生意気オオカミの虜

「 お電話ありがとうございます、美容室 美風館、受付けの甚野でございます 」



変わらない私から見える店の雰囲気、風景。

スタイリストとアシスタント、お客さんとの会話の中を包むように洋楽が流れてる。



「 愛弓ちゃん、笹野様は予約変更。

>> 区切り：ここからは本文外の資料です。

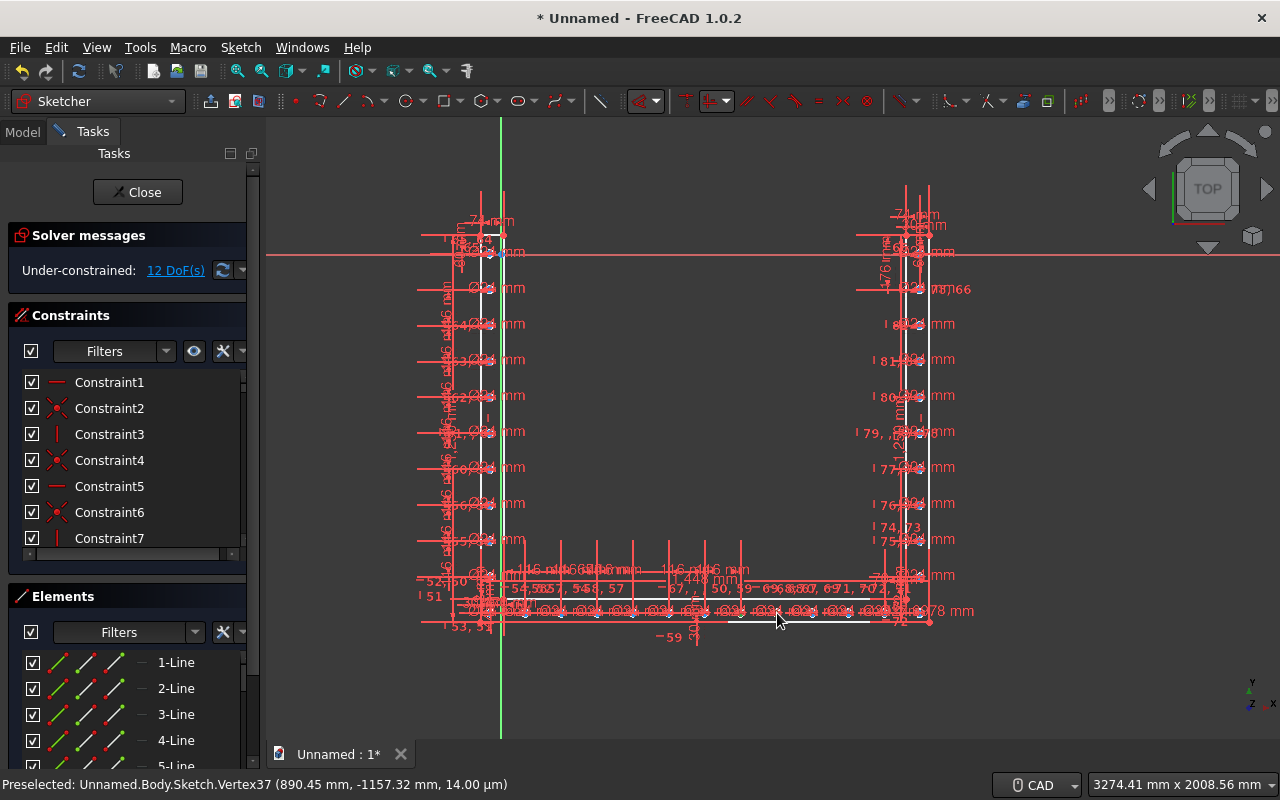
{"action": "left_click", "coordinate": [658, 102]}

高橋様はキャンセル 」

「 はーい…… ねぇ、なんであの人が彼氏?彼氏いないんじゃなかった? すごくずるいんだけど 」



頼、また面倒な事になりそうだよ……



「 あはははは… 」

「 なんで羽奈ちゃん?」



あ、それ言っちゃう?

彼氏なんて嘘だって言うのやめよ。

私は愛弓ちゃんより可愛くはないよ、たぶん。



「 髪、いつやったの?彼氏の影響?」



……なんだろ、女ってさ。

イケメンがそばにいる、ましてや自分より劣るかもしれない女をひどく言うよね。

やな感じ。

だったら自分はどうなの?って思うよ。

そんな風に口にしてる女をイケメンが恋してくれるとでも?

人の恋なんてそれぞれ。

見かけ倒しな女はそこら中にいる。

きっと私の幼馴染みの頼は、見分ける男だと思う。


だって、私がそばにいるんだから。



「 あーあ、羽奈ちゃんにイケメン彼氏出来るならさぁ私にも出来るはずだわ 」



そう?

比べる相手が私ってどうなの?



「 お電話ありがとうございます。美容室 美風館、受付けの甚野でございます。はい、予約ですね、かしこまりました。担当は… はい、かしこまりました、では確認致しますのでお待ちください 」



やっぱり心から美人な人ってそんなにいないと思う。

だからこそ、頼と凛がそばにいる私は幸せ者なのかも。